The National Agency for Food and Drug Administration and Control (NAFDAC), has warned healthcare providers and the public about the circulation of counterfeit vials of the cancer medicine Avastin (bevacizumab) 400mg in the country.
The agency said the alert came after a report from the drug’s manufacturer, Roche, after an oncologist raised concerns about suspected fake vials discovered in a local hospital.
NAFDAC said the suspected counterfeit products carry batch numbers K1830T71 and H0375B01, with manufacturing dates listed as April 2025 and February 2025 and expiry dates of May 2028 and December 2027.
The medicine is used in cancer treatment, including recurrent glioblastoma in adults, and works by blocking the formation of blood vessels that supply tumors.
According to NAFDAC, the suspect samples were compared with genuine products in English, French, and Arabic packaging formats because the global trade item number on the product matched that format. However, investigators identified multiple inconsistencies that suggested the medicine was falsified.
“The tamper-evidence labels do not correspond to genuine Roche material, and the complaint sample serial number does not correspond to any genuine Roche serial number” – NAFDAC
The agency also reported spelling errors in the packaging text and differences in the placement of variable data when compared with authentic products.

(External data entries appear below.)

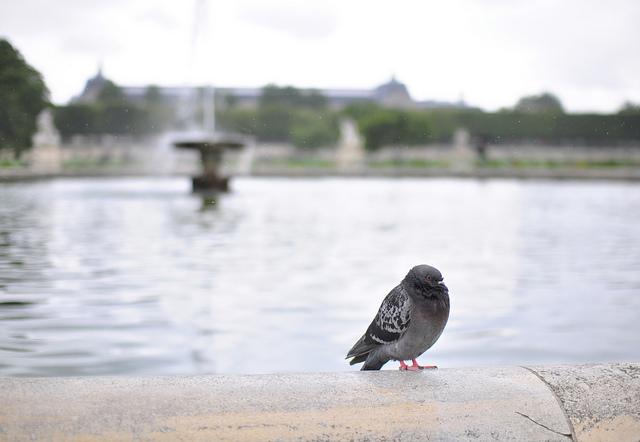Is the bird in motion?
Keep it brief. No. Is there a water body nearby?
Short answer required. Yes. What is the bird on?
Keep it brief. Concrete. 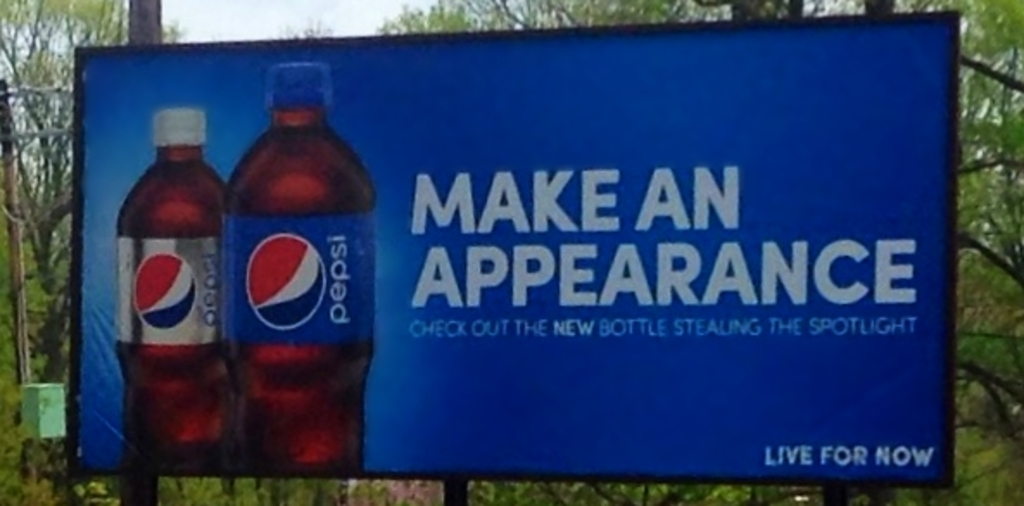How does the phrase 'Make an appearance' relate to the concept of the new bottle design? The phrase 'Make an appearance' cleverly ties into the launch of the new bottle design by implying that the new bottle is not just a product but a statement piece. It suggests that choosing this redesigned Pepsi bottle can similarly allow consumers to 'make an appearance' or stand out in social contexts, much like the new design does amidst traditional beverage options. Does this imply the new design will impact consumer behavior? Absolutely, the emphasis on the new design being able to 'steal the spotlight' indicates Pepsi's strategy to make the bottle visually appealing and modern, potentially influencing consumer behavior by attracting a younger demographic or those interested in premium packaging that reflects their personal style. 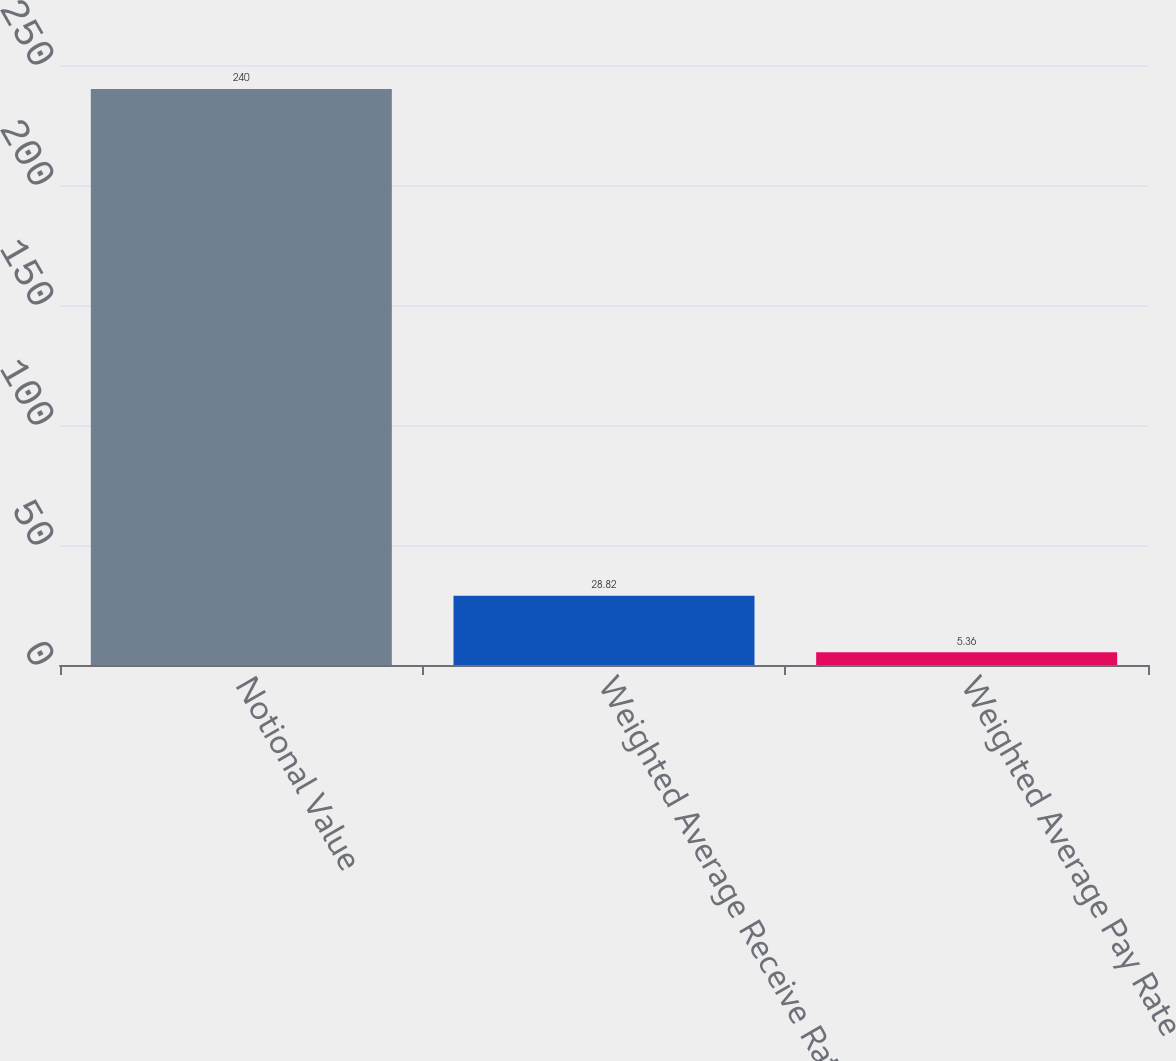<chart> <loc_0><loc_0><loc_500><loc_500><bar_chart><fcel>Notional Value<fcel>Weighted Average Receive Rate<fcel>Weighted Average Pay Rate<nl><fcel>240<fcel>28.82<fcel>5.36<nl></chart> 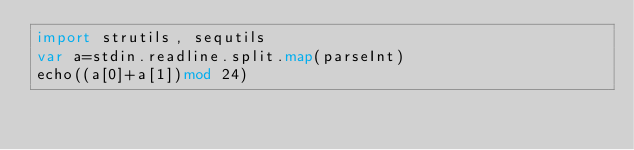Convert code to text. <code><loc_0><loc_0><loc_500><loc_500><_Nim_>import strutils, sequtils
var a=stdin.readline.split.map(parseInt)
echo((a[0]+a[1])mod 24)</code>

NAFDAC said it has directed all zonal directors and state coordinators to conduct surveillance and remove any counterfeit Avastin products found in their jurisdictions.

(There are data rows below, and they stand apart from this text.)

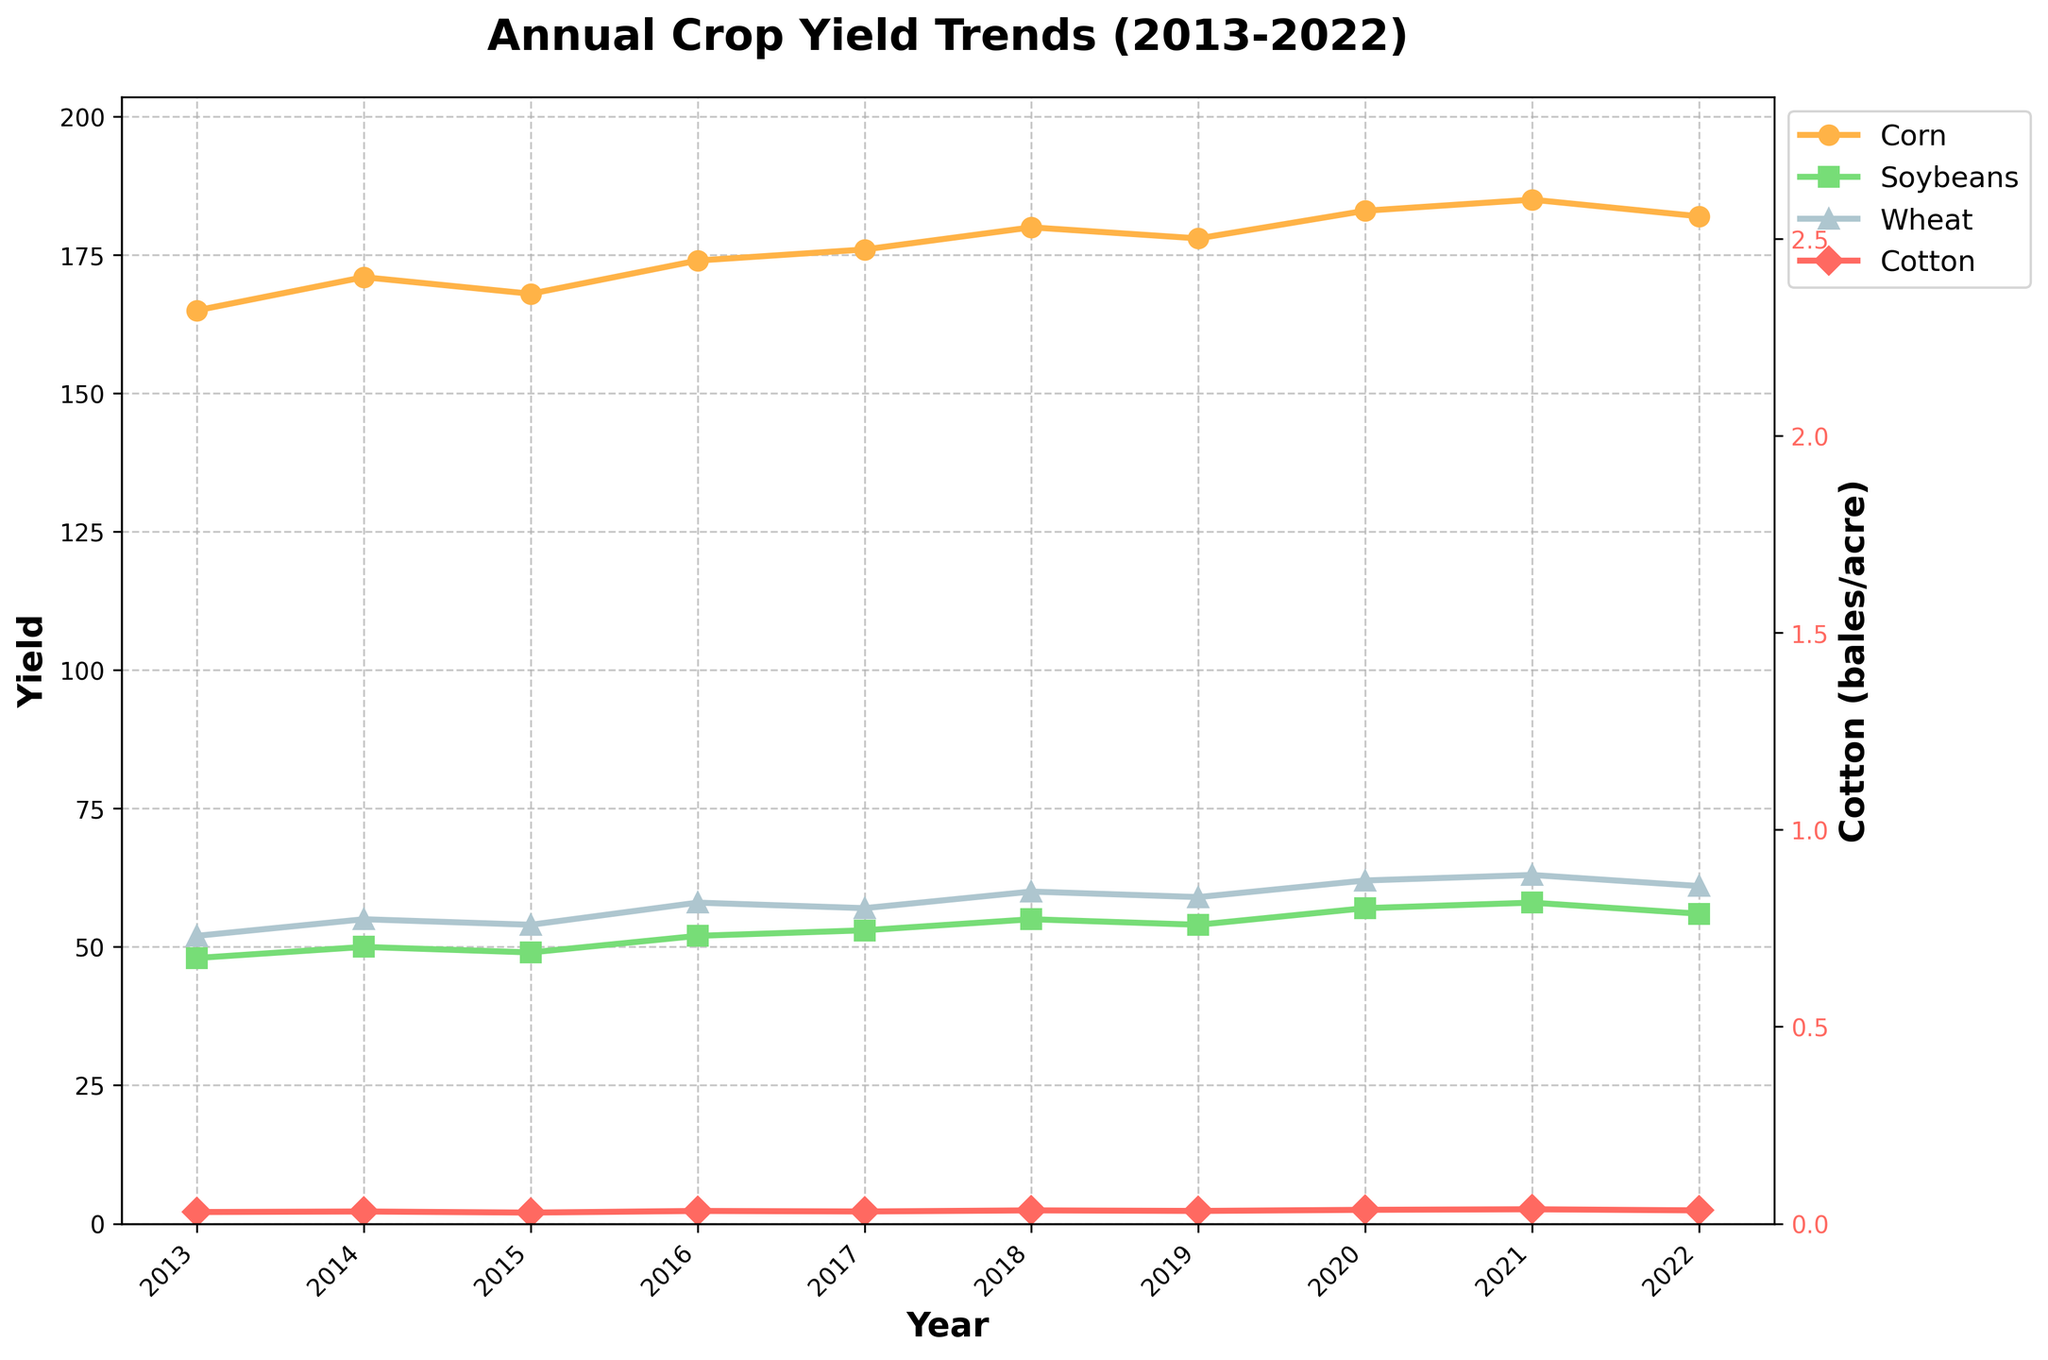What's the trend for corn yields over the last decade? Observing the line for corn, it starts at 165 bushels/acre in 2013 and generally increases to 183 bushels/acre in 2020, then drops slightly to 182 bushels/acre in 2022. This shows a general upward trend.
Answer: Upwards Between 2017 and 2020, which crop showed the most consistent yield increase year-over-year? Comparing the slopes of the lines for different crops from 2017 to 2020, soybeans have a steady increase each year without any drop.
Answer: Soybeans How does the 2022 yield of wheat compare to its 2013 yield? Wheat yield increased from 52 bushels/acre in 2013 to 61 bushels/acre in 2022.
Answer: Increased What's the average yield of cotton over the decade? Adding all the yields of cotton from 2013 to 2022 and dividing by the number of years (10): (2.1+2.2+2.0+2.3+2.2+2.4+2.3+2.5+2.6+2.4)/10 = 2.3 bales/acre
Answer: 2.3 Which crop had the maximum recorded yield and in which year? Observing all the yields for all crops, wheat had the highest yield of 63 bushels/acre in 2021.
Answer: Wheat in 2021 During which year did cotton yield drop the most compared to the previous year? Observing the lines for cotton, the biggest drop is from 2014 (2.2 bales/acre) to 2015 (2.0 bales/acre), a drop of 0.2.
Answer: 2015 By how much did the soybean yield increase from 2015 to 2021? Soybean yields in 2015 were 49 bushels/acre and increased to 58 bushels/acre in 2021; the increase is 58 - 49 = 9 bushels/acre.
Answer: 9 bushels/acre Compare the 2020 yield of corn to the 2022 yield. The corn yield in 2020 was 183 bushels/acre and decreased slightly to 182 bushels/acre in 2022.
Answer: Slight decrease What's the overall range of yields for wheat observed in the last decade? The range is calculated by subtracting the minimum yield (52 bushels/acre in 2013) from the maximum yield (63 bushels/acre in 2021): 63 - 52 = 11 bushels/acre.
Answer: 11 bushels/acre What color represents wheat yields in the chart? Looking at the visual attributes, the color associated with wheat is a light blue-grayish tone.
Answer: Light blue-gray

The regulator warned that counterfeit medicines may cause serious health risks because they have not been verified for safety, quality, or effectiveness.
The agency advised importers, distributors, retailers, and healthcare professionals to obtain medical products only from authorised and licensed suppliers. It also urged healthcare providers to carefully check the authenticity and physical condition of medicines before administering them to patients.
The agency has encouraged healthcare workers and consumers to report suspected falsified medicines through its offices, hotline, or pharmacovigilance platforms.
The alert was meant to address concerns raised by regulators about counterfeit health products circulating in the country, including falsified HIV test kits, malaria medicines, and infant formula with altered expiry dates, to prevent further distribution.